Excerpts from a dataset:
--------
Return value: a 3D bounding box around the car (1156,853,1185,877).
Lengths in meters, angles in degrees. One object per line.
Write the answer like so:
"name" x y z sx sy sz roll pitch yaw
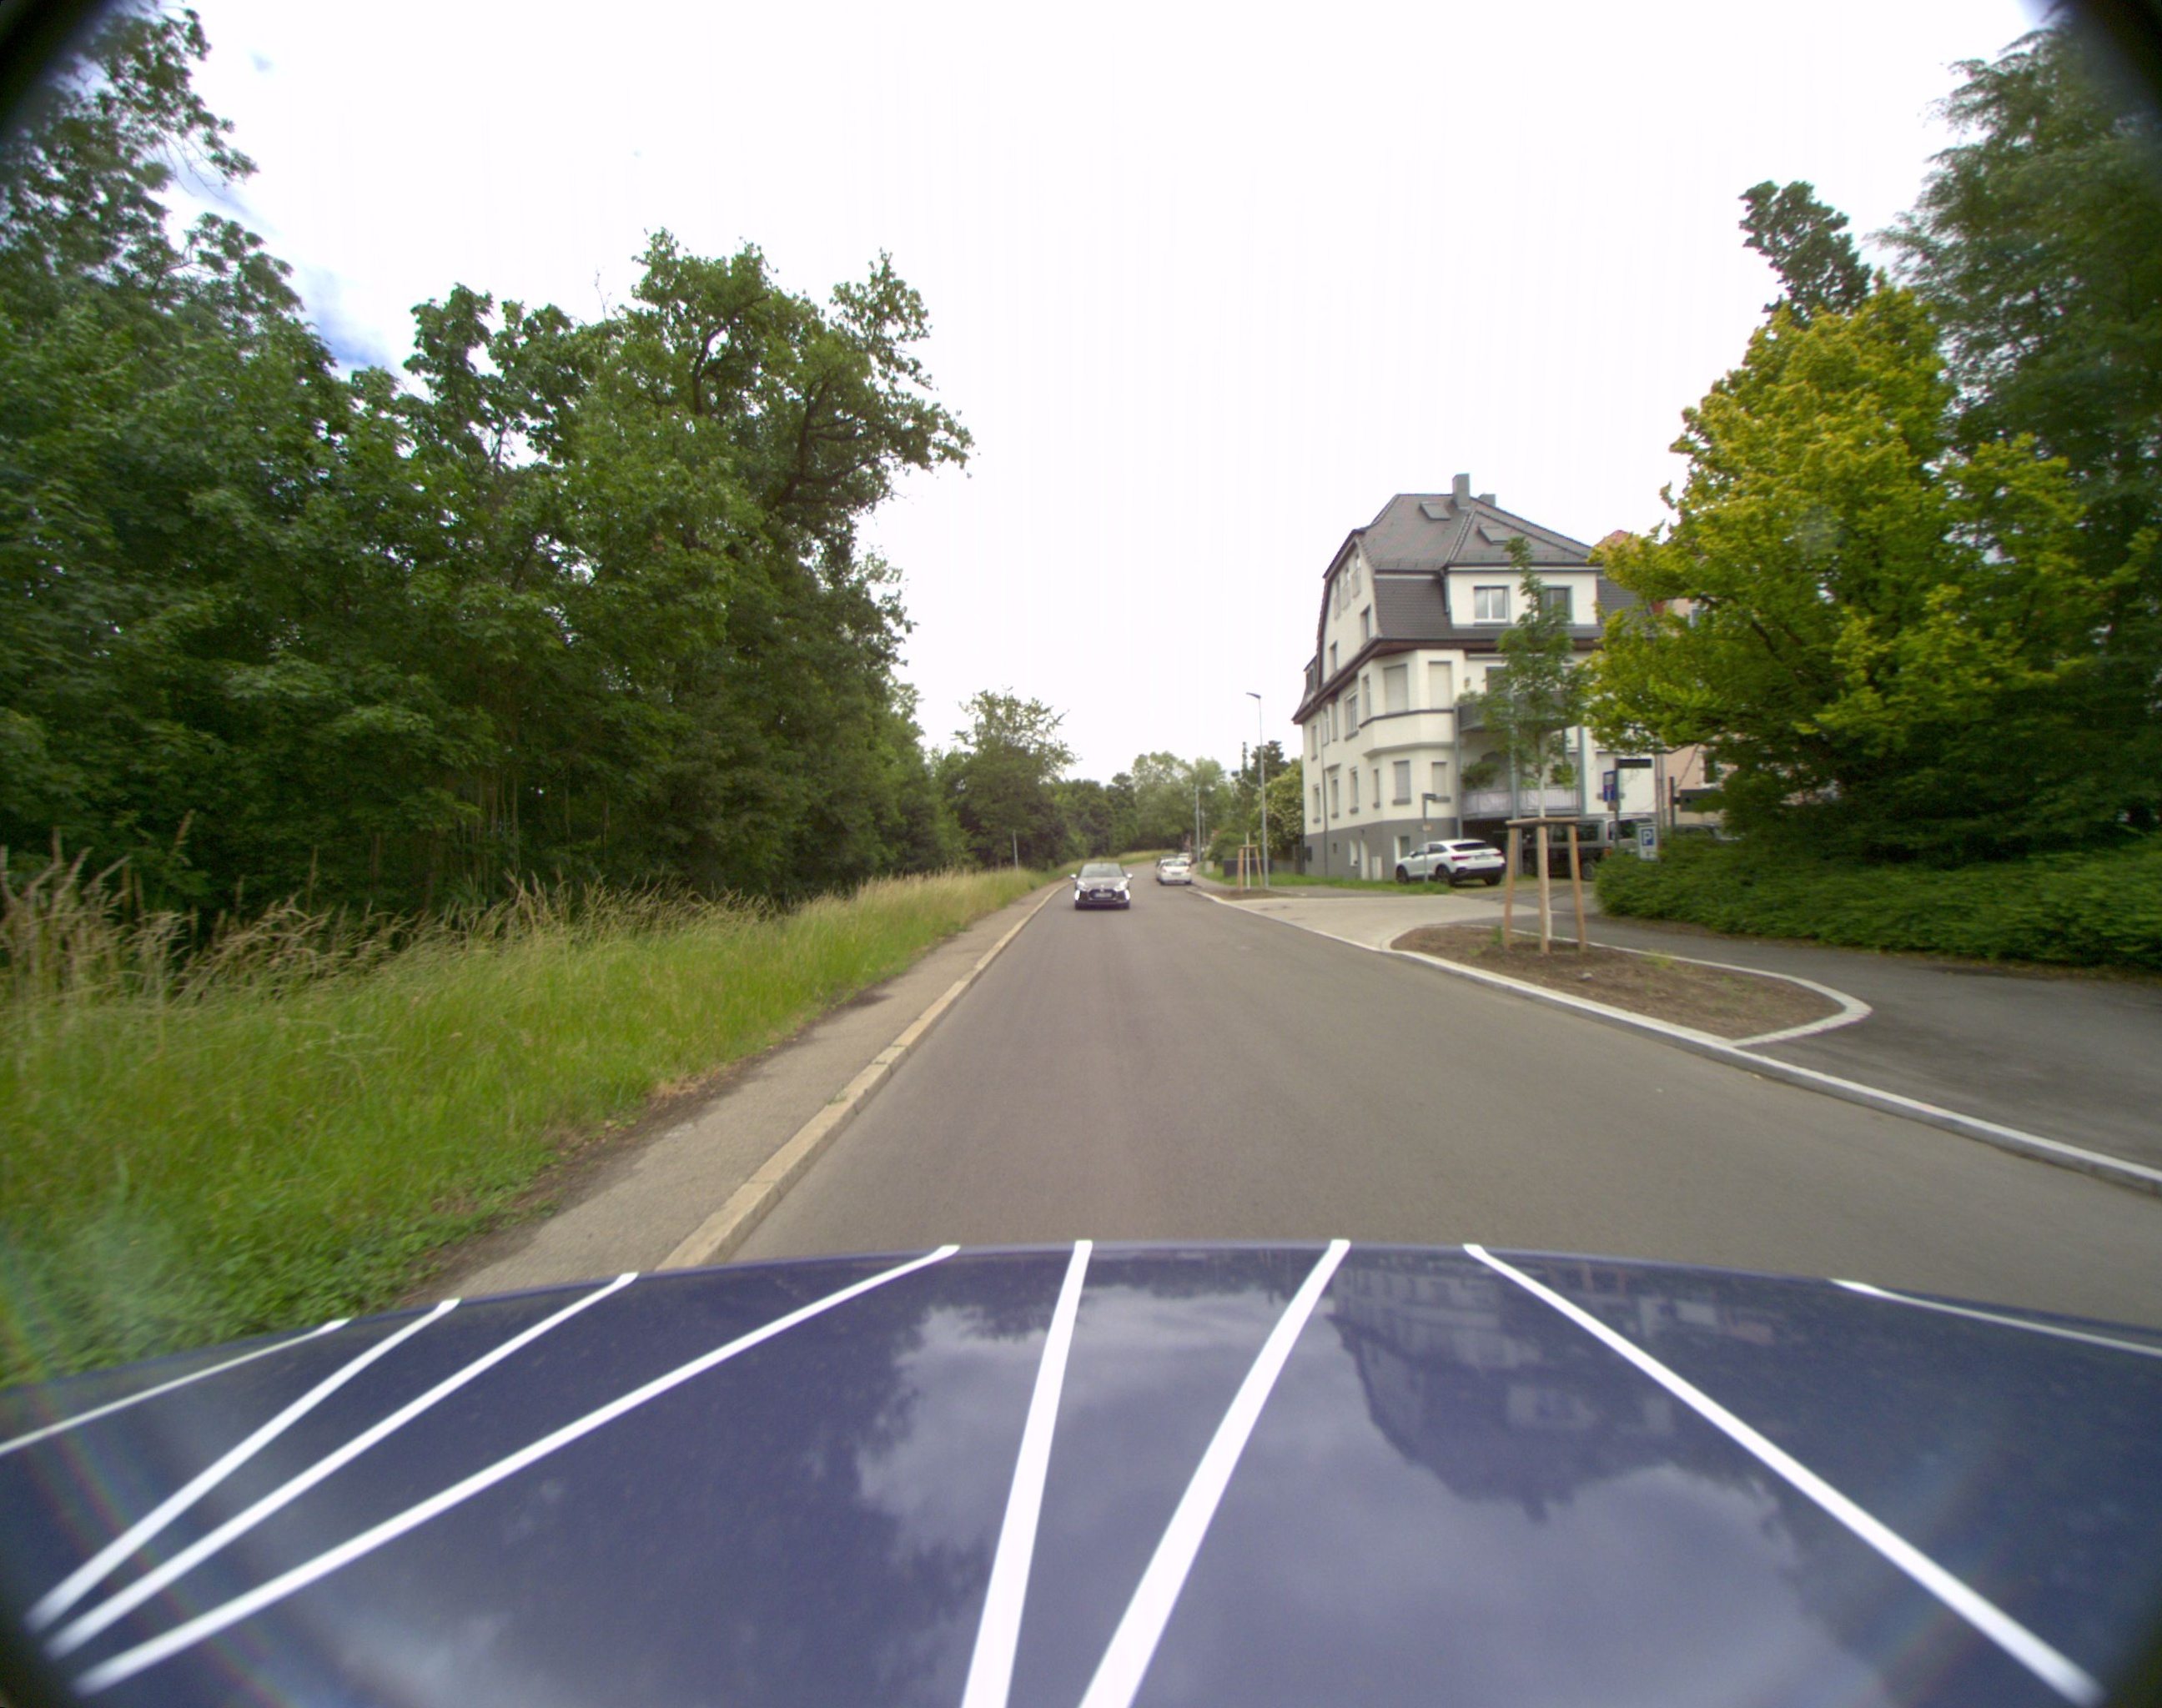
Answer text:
"car" 5.838 0.691 49.879 1.728 1.382 4.727 0 1 4

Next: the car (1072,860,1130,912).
"car" 0.691 0.931 23.681 1.619 1.460 4.001 1 0 3

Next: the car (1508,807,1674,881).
"car" 16.347 -0.338 24.730 1.911 2.039 4.761 -5 1 -4

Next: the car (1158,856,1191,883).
"car" 5.379 0.881 44.123 1.646 1.461 4.072 0 0 3

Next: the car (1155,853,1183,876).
"car" 6.372 0.730 55.170 1.730 1.564 4.816 1 0 3

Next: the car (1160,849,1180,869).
"car" 8.524 0.480 72.284 1.799 1.790 4.066 0 1 8

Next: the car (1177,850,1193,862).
"car" 13.110 0.203 95.517 1.735 1.420 3.460 0 1 12

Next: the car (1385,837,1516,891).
"car" 12.358 0.273 25.801 1.911 1.524 4.595 -5 1 -4
--------
Action item - Produce a word-for-word copy of the records, omitting all images.

Written answer -
Return value: a 3D bounding box around the car (1156,853,1185,877).
Lengths in meters, angles in degrees. One object per line.
Write the answer like so:
"name" x y z sx sy sz roll pitch yaw
Answer text:
"car" 5.838 0.691 49.879 1.728 1.382 4.727 0 1 4

Next: the car (1072,860,1130,912).
"car" 0.691 0.931 23.681 1.619 1.460 4.001 1 0 3

Next: the car (1508,807,1674,881).
"car" 16.347 -0.338 24.730 1.911 2.039 4.761 -5 1 -4

Next: the car (1158,856,1191,883).
"car" 5.379 0.881 44.123 1.646 1.461 4.072 0 0 3

Next: the car (1155,853,1183,876).
"car" 6.372 0.730 55.170 1.730 1.564 4.816 1 0 3

Next: the car (1160,849,1180,869).
"car" 8.524 0.480 72.284 1.799 1.790 4.066 0 1 8

Next: the car (1177,850,1193,862).
"car" 13.110 0.203 95.517 1.735 1.420 3.460 0 1 12

Next: the car (1385,837,1516,891).
"car" 12.358 0.273 25.801 1.911 1.524 4.595 -5 1 -4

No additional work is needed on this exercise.